Burada halk sağlığı için sorumluluğu altmıştan fazla yerli ve yabancı iş ortağımızın tedarik sorumluluğu ile aynı noktada görüyoruz.
Pandemi sonrası için, pandeminin yayılmasını engellerken halk sağlığı için üretim devamlılığını sağlayacak geliştirdirdiğimiz tüm standartlar iş sürekliliği açısından geliştirmeyi hedefliyoruz.
W- Mevcut Enjektabl gücünüzü düşünürsek Covid-19 aşısında nasıl rol almayı planlıyorsunuz?
F.S.- Aktif rol alacağımız çok açık. An itibarı ile biri endüstri ve üniversite iş birliği ile Covid-19 tedavisinde geliştirilmek istenen bir ürün için görüşmekte olduğumuz ve uluslararası bir firmanın geliştirmek üzere olduğu bir aşının üretim merkezlerinden birinin Mefar olması için kapasite analizinin istendiği iki güncel proje var ekiplerimizin elinde.
Bunlara ek olarak bugüne kadar bir çok projenin üretiminde yapılan iyileştirme ve geliştirme çalışmalarına Mefar’ın katkısı oldu. Kendi ruhsatlı ürünümüz olmadığı için mevcut ürün reçetelerine geliştirme katkısı yaptık iş ortaklarımız ile birlikte.

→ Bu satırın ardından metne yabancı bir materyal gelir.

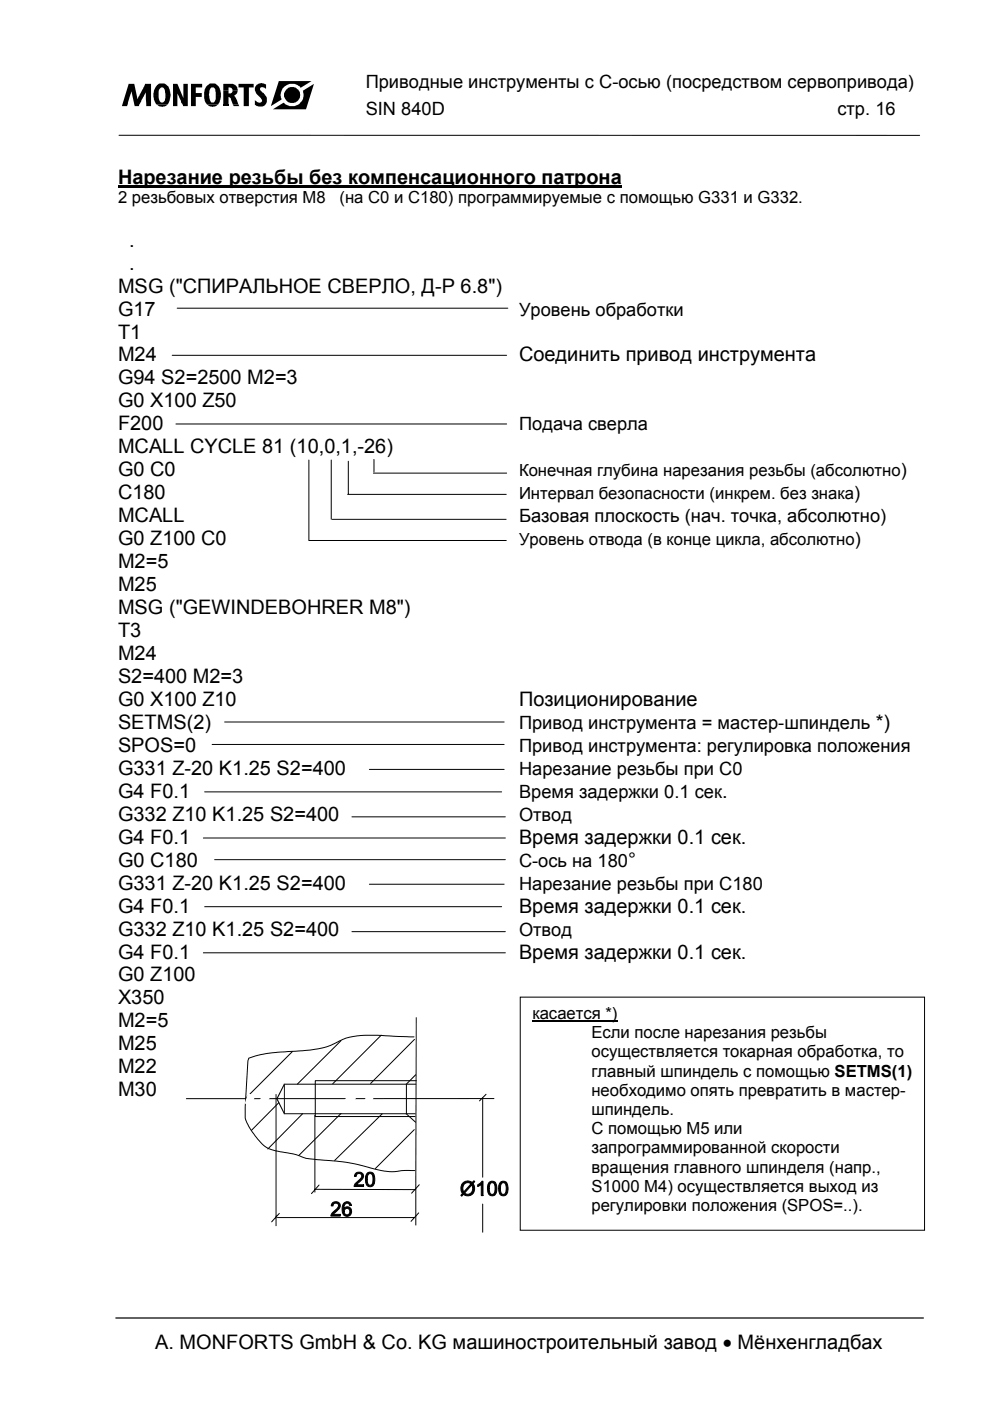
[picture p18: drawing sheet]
<svg xmlns="http://www.w3.org/2000/svg" width="210mm" height="297mm" viewBox="0 0 210 297" stroke-linecap="round" stroke-linejoin="round" font-family="sans-serif">
<defs><g id="words">
<g font-size="4.2">
<text x="25" y="38.9">Нарезание резьбы без компенсационного патрона</text>
<text x="27.4" y="52.3">.</text>
<text x="27.4" y="57.2">.</text>
<text x="25" y="62">MSG (&quot;СПИРАЛЬНОЕ СВЕРЛО, Д-Р 6.8&quot;)</text>
<text x="25" y="71.8">T1</text>
<text x="25" y="66.9">G17</text>
<text x="25" y="76.6">M24</text>
<text x="110" y="76.6">Соединить привод инструмента</text>
<text x="25" y="81.5">G94 S2=2500 M2=3</text>
<text x="25" y="86.4">G0 X100 Z50</text>
<text x="25" y="91.2">F200</text>
<text x="25" y="96.1">MCALL CYCLE 81 (10,0,1,-26)</text>
<text x="25" y="101">G0 C0</text>
<text x="25" y="105.9">C180</text>
<text x="25" y="110.7">MCALL</text>
<text x="25" y="115.6">G0 Z100 C0</text>
<text x="25" y="120.5">M2=5</text>
<text x="25" y="125.3">M25</text>
<text x="25" y="130.2">MSG (&quot;GEWINDEBOHRER M8&quot;)</text>
<text x="25" y="135.1">T3</text>
<text x="25" y="139.9">M24</text>
<text x="25" y="144.8">S2=400 M2=3</text>
<text x="25" y="149.7">G0 X100 Z10</text>
<text x="110" y="149.7">Позиционирование</text>
<text x="25" y="154.5">SETMS(2)</text>
<text x="25" y="159.4">SPOS=0</text>
<text x="25" y="164.3">G331 Z-20 K1.25 S2=400</text>
<text x="25" y="169.1">G4 F0.1</text>
<text x="25" y="178.9">G4 F0.1</text>
<text x="25" y="174">G332 Z10 K1.25 S2=400</text>
<text x="110" y="178.9">Время задержки 0.1 сек.</text>
<text x="25" y="183.7">G0 C180</text>
<text x="25" y="188.6">G331 Z-20 K1.25 S2=400</text>
<text x="25" y="193.5">G4 F0.1</text>
<text x="110" y="193.5">Время задержки 0.1 сек.</text>
<text x="25" y="203.2">G4 F0.1</text>
<text x="25" y="198.4">G332 Z10 K1.25 S2=400</text>
<text x="110" y="203.2">Время задержки 0.1 сек.</text>
<text x="25" y="208.1">G0 Z100</text>
<text x="25" y="213">X350</text>
<text x="25" y="217.8">M2=5</text>
<text x="25" y="222.7">M25</text>
<text x="25" y="227.6">M22</text>
<text x="25" y="232.4">M30</text>
<text x="32.9" y="286.1">A. MONFORTS GmbH &amp; Co. KG машиностроительный завод • Мёнхенгладбах</text>
</g>
<g font-size="3.9">
<text x="77.5" y="18.6">Приводные инструменты с C-осью (посредством сервопривода)</text>
<text x="77.5" y="24.5">SIN 840D</text>
<text x="177.5" y="24.5">стр. 16</text>
<text x="110" y="66.9">Уровень обработки</text>
<text x="110" y="91.2">Подача сверла</text>
<text x="110" y="110.7">Базовая плоскость (нач. точка, абсолютно)</text>
<text x="110" y="154.5">Привод инструмента = мастер-шпиндель *)</text>
<text x="110" y="159.4">Привод инструмента: регулировка положения</text>
<text x="110" y="164.3">Нарезание резьбы при C0</text>
<text x="110" y="169.1">Время задержки 0.1 сек.</text>
<text x="110" y="174">Отвод</text>
<text x="110" y="183.7">C-ось на 180°</text>
<text x="110" y="188.6">Нарезание резьбы при C180</text>
<text x="110" y="198.4">Отвод</text>
</g>
<g font-size="3.5">
<text x="25" y="43.1">2 резьбовых отверстия M8</text>
<text x="72" y="43.1">(на C0 и C180) программируемые с помощью G331 и G332.</text>
<text x="110" y="101">Конечная глубина нарезания резьбы (абсолютно)</text>
<text x="110" y="105.9">Интервал безопасности (инкрем. без знака)</text>
<text x="110" y="115.6">Уровень отвода (в конце цикла, абсолютно)</text>
<text x="112.9" y="216">касается *)</text>
<text x="125.4" y="220.1">Если после нарезания резьбы</text>
<text x="125.4" y="224.2">осуществляется токарная обработка, то</text>
<text x="125.4" y="228.3">главный шпиндель с помощью SETMS(1)</text>
<text x="125.4" y="232.4">необходимо опять превратить в мастер-</text>
<text x="125.4" y="236.4">шпиндель.</text>
<text x="125.4" y="244.6">запрограммированной скорости</text>
<text x="125.4" y="240.5">С помощью M5 или</text>
<text x="125.4" y="248.6">вращения главного шпинделя (напр.,</text>
<text x="125.4" y="252.7">S1000 M4) осуществляется выход из</text>
<text x="125.4" y="256.8">регулировки положения (SPOS=..).</text>
</g>
</g></defs>
<path d="M59.1 17.2h7l-8.7 5.3zM57.8 23.2l8.8-5.4-1.7 5.4z" fill="#000"/>
<circle cx="62" cy="20.1" r="2.4" fill="#fff"/>
<g fill="#000">
<path d="M27.3 17.8h1.2l.6 3.2 1.7-3.2h1.2v4.7h-1l-.1-3.1-1.5 3.1h-.8l-.7-3.1-1 3.1h-1.1z" fill-rule="evenodd"/>
<path d="M36.7 17.8h.9l1.3 3v-3h.9v4.7h-1l-1.3-2.9 .1 2.9h-.9z" fill-rule="evenodd"/>
<path d="M40.5 17.8h2.4v.7h-1.4v1.2h1.3v.9h-1.3v1.9h-1z" fill-rule="evenodd"/>
<path d="M47.3 17.8h2.1a1.34 1.34 0 0 1 1 1.4h-1.1l-.2-.5-.3-.2h-.3v.7h-1.2z" fill-rule="evenodd"/>
<path d="M50.6 17.8h3.2v.7h-1v4h-1.1v-4h-1.1z" fill-rule="evenodd"/>
<path d="M33.3 18l.6-.3h.9a2.66 2.66 0 0 1 1.4 2.5h-1.1l-.1-.9a.73 .73 0 0 0-.9-.8 1.46 1.46 0 0 0-.5 1.7h-1.1l.2-1.2z" fill-rule="evenodd"/>
<path d="M32.5 20.2h1.1l.1 .9a.73 .73 0 0 0 .9 .6l.4-.5 .1-1h1.1l-.2 1-.5 1h-2.3l-.6-1.1z" fill-rule="evenodd"/>
<path d="M33.2 22.2h2.3a1.54 1.54 0 0 1-2.3 0z" fill-rule="evenodd"/>
<path d="M44 18l.6-.3 1.1 .1a2.45 2.45 0 0 1 1.1 2.4h-1.1v-1.2l-.4-.5h-.5l-.2 .2-.2 .6-.1 .9h-1v-.6a2.08 2.08 0 0 1 .7-1.6z" fill-rule="evenodd"/>
<path d="M43.9 22.2h2.3a1.71 1.71 0 0 1-2.3 0z" fill-rule="evenodd"/>
<path d="M43.3 20.2h1l.3 1.3 .2 .2h.5a1.68 1.68 0 0 0 .4-1.5h1.1l-.2 1.5-.4 .5h-2.2a2.15 2.15 0 0 1-.7-2z" fill-rule="evenodd"/>
<path d="M47.3 19.2h1.2v.6l.6-.1 .2-.5h1.1l-.2 .6-.6 .5 .5 .5 .5 1.4h-1.2l-.4-1.3-.5-.3v1.6h-1.2z" fill-rule="evenodd"/>
<path d="M49.4 22.2h1.2l.1 .3h-1.1z" fill-rule="evenodd"/>
<path d="M54.6 20.2h1.6l.4 .5v1l-.7 .8-1.1 .1-.8-.4v-1l.2 .2a.88 .88 0 0 0 1.4 .1l-.3-.7z" fill-rule="evenodd"/>
<path d="M54.4 18l.1-.1a1.36 1.36 0 0 1 1.7 0h.2v.9l-.2-.2a.72 .72 0 0 0-1.1 .1l.2 .6 .9 .9h-1.6a1.45 1.45 0 0 1-.2-2.2z" fill-rule="evenodd"/>
<circle cx="62" cy="20.1" r="1.69"/>
</g>
<path d="M47.3 22.2h1.2v.3h-1.2z" fill="#000"/>
<path d="M24.6 279.4h171.2" fill="none" stroke="#000" stroke-width=".25"/>
<path d="M25.2 28.7h169.8M104.7 232.9h-65.2" fill="none" stroke="#000" stroke-width=".21"/>
<g fill="#fff">
<path d="M108.1 222.5l.9 .2-.1 1.8-1-.1z"/>
<path d="M105.9 222.7h1l-.1 1.5-1-.1z"/>
<path d="M89.9 222.3l1 .2-.4 2-1-.2z"/>
<path d="M88.3 222.5l1 .1-.2 1.6-1-.1z"/>
<path d="M91.8 241.6l.9 .1-.2 3.3-1-.1z"/>
<path d="M89.4 241.2l1 .1-.2 3.8-1-.1z"/>
<path d="M74.2 241.2l.9 .1-.5 4.4-1-.1z"/>
<path d="M71.4 241.5l.9 .1-.2 3.8-1-.1z"/>
</g>
<g fill="#000">
<path d="M70.5 255a.97 .97 0 0 1 1.5 .1 .97 .97 0 0 1-.4 1.5l-.9 .9h1.5v.3h-2.1l.3-.6 .4-.4a1.69 1.69 0 0 0 1-1.4 .6 .6 0 0 0-.7-.3 .6 .6 0 0 0-.5 .6h-.4zM72.9 255.1l.4-.3a.86 .86 0 0 1 1.2 .7l-.4 .1a.6 .6 0 0 0-.7-.5 .6 .6 0 0 0-.5 .8v.4a.94 .94 0 0 1 1.3-.2 .94 .94 0 0 1 .2 1.3 1.03 1.03 0 0 1-1.2 .4 1.03 1.03 0 0 1-.7-1.2l.1-.8zM73.2 256.4a.64 .64 0 0 0 0 1 .64 .64 0 0 0 1-.4 .61 .61 0 0 0-.3-.7 .61 .61 0 0 0-.7 .1z" fill-rule="evenodd"/>
<path d="M75.4 248.8a.94 .94 0 0 1 1.4-.1 .94 .94 0 0 1 0 1.4l-1.2 1.1h1.5v.4h-2l.2-.6 .6-.6a1.08 1.08 0 0 0 .6-1.4 .6 .6 0 0 0-.6-.2 .6 .6 0 0 0-.4 .6h-.4zM77.9 248.7a.97 .97 0 0 1 1.1 0 .97 .97 0 0 1 .4 1l.1 .6a1.03 1.03 0 0 1-1.1 1.3 1.03 1.03 0 0 1-.9-1.3l.1-1zM78.1 248.9a2.26 2.26 0 0 0 .1 2.3 .74 .74 0 0 0 .9-1v-.6a.59 .59 0 0 0-.3-.7 .59 .59 0 0 0-.7 0z" fill-rule="evenodd"/>
<path d="M98.1 250.8a1.51 1.51 0 0 1 2-.1l.4-.4 .2 .2-.4 .4a1.53 1.53 0 0 1 0 2.1 1.53 1.53 0 0 1-2 .2l-.4 .4-.2-.2 .4-.4a1.77 1.77 0 0 1 0-2.2zM98.4 251.1l-.3 .7 .2 .9 1.6-1.7-.4-.2a1.04 1.04 0 0 0-1.1 .3zM100 251.2l-1.5 1.8a1.17 1.17 0 0 0 1.5-.2 1.17 1.17 0 0 0 0-1.6zM101.3 251.2l.9-.8h.2v3.1h-.4v-2.4l-.7 .5zM103.8 250.6a.98 .98 0 0 1 1.1 0 .98 .98 0 0 1 .4 1v.6a1.02 1.02 0 0 1-.4 1.2 1.02 1.02 0 0 1-1.2-.2 2.47 2.47 0 0 1 .1-2.6zM104 250.9a2.24 2.24 0 0 0 .1 2.3 .76 .76 0 0 0 .9-1v-.6a.64 .64 0 0 0-.2-.7 .64 .64 0 0 0-.8 0zM106.2 250.6a.99 .99 0 0 1 1 0 .99 .99 0 0 1 .5 1v.6a.99 .99 0 0 1-.6 1.2 .99 .99 0 0 1-1.2-.4l-.2-1.4zM106.4 250.9l-.3 .6v1a.62 .62 0 0 0 .7 .7 .62 .62 0 0 0 .5-.9v-.7a.65 .65 0 0 0-.2-.7 .65 .65 0 0 0-.7 0z" fill-rule="evenodd"/>
</g>
<g fill="none" stroke="#000" stroke-width=".21">
<path d="M80.8 219.5l-10.3 10.3M87.8 219.8h-3.4a49.5 49.5 0 0 0-9.5 0 20.7 20.7 0 0 0-5.2 2 46.3 46.3 0 0 1-10.8 1.3l-.5 .1a20.3 20.3 0 0 0-5.7 1.2l-.1 .6-.6 9.7v2.3a14.5 14.5 0 0 0 4.8 6.4l1.7 .6a24.9 24.9 0 0 1 6.7 1.6l.7 .1a55.2 55.2 0 0 1 12.6 1.9 13.7 13.7 0 0 0 7.4 .6h2M59.1 233.8l-5.8 5.8M62 222.9l-9.9 10M64.2 236.1l-7.4 7.5M72.3 220.6l-9.2 9.2M72.3 236.1l-8.9 8.9M81 236.2l-10 9.8M87.8 239.5l-8.2 8.3M87.9 220.4l-9.3 9.3M70.5 255a.97 .97 0 0 1 1.5 .1 .97 .97 0 0 1-.4 1.5l-.9 .9h1.5v.3h-2.1l.3-.6 .4-.4a1.69 1.69 0 0 0 1-1.4 .6 .6 0 0 0-.7-.3 .6 .6 0 0 0-.5 .6h-.4zM72.9 255.1l.4-.3a.86 .86 0 0 1 1.2 .7l-.4 .1a.6 .6 0 0 0-.7-.5 .6 .6 0 0 0-.5 .8v.4a.94 .94 0 0 1 1.3-.2 .94 .94 0 0 1 .2 1.3 1.03 1.03 0 0 1-1.2 .4 1.03 1.03 0 0 1-.7-1.2l.1-.8z"/>
<path d="M73.2 256.4a.67 .67 0 0 1 1 .3 .67 .67 0 0 1-.7 .9l-.3-.2-.2-.4zM75.4 248.7a.95 .95 0 0 1 1.4 0 .95 .95 0 0 1 0 1.4l-1.2 1.1h1.5v.4h-2l.2-.6 .6-.6a1.08 1.08 0 0 0 .6-1.4 .6 .6 0 0 0-.6-.2 .6 .6 0 0 0-.4 .6h-.4zM77.9 248.7a.97 .97 0 0 1 1.1 0 .97 .97 0 0 1 .4 1l.1 .6a1 1 0 0 1-.9 1.3 1 1 0 0 1-1.1-1.1v-1.1zM78.1 248.9a.64 .64 0 0 1 .8 .1 .64 .64 0 0 1 .2 .7v.7a.61 .61 0 0 1-.5 .9 .61 .61 0 0 1-.7-.7v-1zM98.1 250.8a1.46 1.46 0 0 1 2-.1l.4-.4 .2 .2-.4 .4 .1 .3a1.51 1.51 0 0 1-.2 1.9 1.51 1.51 0 0 1-1.9 .1l-.4 .4-.2-.2 .4-.4-.3-.5-.1-.8zM98.4 251.1a1.05 1.05 0 0 1 1.5-.1l-1.6 1.7-.2-.9zM100 251.2a1.17 1.17 0 0 1 0 1.5 1.17 1.17 0 0 1-1.4 .3zM101.3 251.2l.9-.8h.2v3.1h-.4v-2.4l-.7 .5zM103.8 250.6a.97 .97 0 0 1 1.1 0 .97 .97 0 0 1 .4 1v.6a1.02 1.02 0 0 1-.4 1.2 1.02 1.02 0 0 1-1.2-.2 2.29 2.29 0 0 1 .1-2.6zM104 250.9a.64 .64 0 0 1 .8 0 .64 .64 0 0 1 .2 .7l-.1 .9a.6 .6 0 0 1-.5 .7 .6 .6 0 0 1-.6-.7v-1zM106.2 250.6a.97 .97 0 0 1 1 0 .97 .97 0 0 1 .5 1v.6a.99 .99 0 0 1-.6 1.2 .99 .99 0 0 1-1.2-.4l-.2-1.6zM106.4 250.9a.65 .65 0 0 1 .7 0 .65 .65 0 0 1 .2 .7v.9a.6 .6 0 0 1-.6 .7 .6 .6 0 0 1-.6-.7v-1z"/>
</g>
<path d="M60.2 229.8l.2 .1-1.6 3.1h-.2zM60.2 229.9h.2l-.1 6.3zM58.6 233l.2-.1 1.6 3.2-.2 .1zM60.2 229.8h28v.2h-27.9l.1-.1zM60.3 236h27.8v.2h-27.8zM88.1 250.8h.2v9h-.2z" fill="#000"/>
<path d="M88.2 215.7v35.1" fill="none" stroke="#000" stroke-width=".3"/>
<g fill="#fff">
<path d="M77.8 232.1l1.4 .5-.7 1.8-1.4-.6z"/>
<path d="M74.5 231.5l1.2 1.1-1.5 1.7-1.3-1z"/>
<path d="M56.1 231.6l1.3 .9-1.5 2.2-1.3-.8z"/>
<path d="M52.6 231.8l1.5 .5-.7 2.1-1.5-.4z"/>
</g>
<g fill="none" stroke="#000" stroke-width=".21">
<path d="M37.6 65.3h70.1M37.3 89.9h70.1M65.5 97.5v17M70.2 97.5v12.6M73.9 97.8v6.9M79.3 97.4v2.7M65.5 114.6h41.8M70.5 110.1h36.8M73.7 104.8h33.6M79.2 100.3h28.2M47.6 153.1h59.3M58.5 232.1v27.8"/>
<path d="M66.8 236.5v16.3M88.3 229.1h-21.5v7.6h21.2M102.3 232.9v16.7M103.1 232l-1.4 1.4M58.8 258.1h29M59.2 257.3l-1.6 1.8M66.8 252.2h21.3M67.6 251.2l-1.6 1.9M88.8 257.2l-1.7 1.8M88.9 251.2l-1.6 1.8M102.3 255.3v6"/>
</g>
<path d="M86.1 229.8h.2v6.4l-.2 .1zM86.1 229.8l2-2 .2 .1-2 2zM86.1 236.3l.2-.2 1.9 1.9z" fill="#000"/>
<path d="M25 39.6h106.8" fill="none" stroke="#000" stroke-width=".44"/>
<path d="M115.5 231.7l-1.9 2.4" fill="none" stroke="#fff" stroke-width=".32"/>
<path d="M114.7 231.1l-1.8 2.4" fill="none" stroke="#fff" stroke-width=".95" stroke-linecap="butt"/>
<path d="M110.3 211.4h85.7v49.4h-85.7z" fill-rule="evenodd" fill="#fff" stroke="#000" stroke-width=".21"/>
<path d="M112.9 216.5h18" fill="none" stroke="#000" stroke-width=".25"/>
<path d="M36.5 75.3h70.9M45 157.8h61.9M43.1 177.7h64M43.4 167.9h63M74.6 173.2h32.5M78.3 163.1h28.6M43.4 192.2h63M45.5 182.3h61.6M74.6 197.5h32.5M78.3 187.5h28.6M43.1 202h64" fill="none" stroke="#000" stroke-width=".21"/>
<use href="#words"/>
</svg>

2025 vizyon çalışmamız çerçevesinde Ar-Ge merkezi olma hedefimizi yine iş ortaklarımızın projeleri ile birlikte gerçekleştireceğiz. Hedefimiz 2021 başında Ar-Ge merkezimizi ortak projelerle hayata geçirmiş olacağız.
W- Sektörün Uluslararası alanda da çok tecrübeli ismi olarak ilaç sektörümüzün ihracat imkanları konusunda görüşlerinizi alabilir miyiz? Nelerin farklı yapılmasını önerirsiniz?
F.S.-İhracat için atılması gereken en önemli adım dış pazarlardaki varlıkların arttırılması. Yakın coğrafyadan başlayarak pazarlara girmek, startejik ortaklık fırsatlarını değerlendirmek çok önemli. Ortaklıklara ek olarak satınalma fırsatlarını yakalamak Türkiye’nin üretim kapasitesini kullanmak yerli oyuncuların ihracat potansiyelini arttırır.
Sınırların kalktığı, tesisleşme, teknoloji ve kalite standartları açısından global oyuncular ile aynı seviyeye gelmiş Türkiye’nin üretim merkezi, “hub”, olarak kendini konumlandırması ortak vizyonumuz olmalı.